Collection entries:
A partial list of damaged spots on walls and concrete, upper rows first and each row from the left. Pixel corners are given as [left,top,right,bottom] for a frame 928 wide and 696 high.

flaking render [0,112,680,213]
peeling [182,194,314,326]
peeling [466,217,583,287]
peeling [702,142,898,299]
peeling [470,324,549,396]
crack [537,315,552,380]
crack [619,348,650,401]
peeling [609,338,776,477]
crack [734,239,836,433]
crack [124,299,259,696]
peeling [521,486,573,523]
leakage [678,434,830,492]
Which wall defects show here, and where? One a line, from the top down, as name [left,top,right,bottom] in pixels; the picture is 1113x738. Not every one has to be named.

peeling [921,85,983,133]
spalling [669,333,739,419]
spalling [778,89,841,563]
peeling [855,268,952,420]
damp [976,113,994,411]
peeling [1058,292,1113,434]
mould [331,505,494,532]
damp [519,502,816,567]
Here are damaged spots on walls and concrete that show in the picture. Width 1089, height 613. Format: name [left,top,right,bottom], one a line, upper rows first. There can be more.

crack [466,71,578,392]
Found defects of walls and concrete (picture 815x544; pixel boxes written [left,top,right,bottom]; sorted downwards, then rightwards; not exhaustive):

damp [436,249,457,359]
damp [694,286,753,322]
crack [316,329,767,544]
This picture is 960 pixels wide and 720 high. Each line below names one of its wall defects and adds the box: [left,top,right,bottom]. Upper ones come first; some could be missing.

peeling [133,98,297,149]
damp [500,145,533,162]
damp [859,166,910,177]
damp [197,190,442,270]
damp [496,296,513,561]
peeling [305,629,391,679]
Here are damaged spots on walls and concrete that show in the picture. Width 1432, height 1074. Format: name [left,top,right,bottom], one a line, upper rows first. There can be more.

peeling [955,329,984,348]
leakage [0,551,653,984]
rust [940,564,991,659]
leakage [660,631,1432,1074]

### EXERCISE OBJECTIVE
Exact copies of the lines from the one containing "This picture is" through the final line of the records are all the answer should hold.

### RESPONSE AREA
This picture is 960 pixels wide and 720 high. Each line below names one of its wall defects and adds the box: [left,top,right,bottom]. Upper ones come first; some could be missing.

peeling [133,98,297,149]
damp [500,145,533,162]
damp [859,166,910,177]
damp [197,190,442,270]
damp [496,296,513,561]
peeling [305,629,391,679]
Here are damaged spots on walls and concrete that show in the picture. Width 1432, height 1074. Format: name [left,top,right,bottom], one a line, upper rows first. There can be more.

peeling [955,329,984,348]
leakage [0,551,653,984]
rust [940,564,991,659]
leakage [660,631,1432,1074]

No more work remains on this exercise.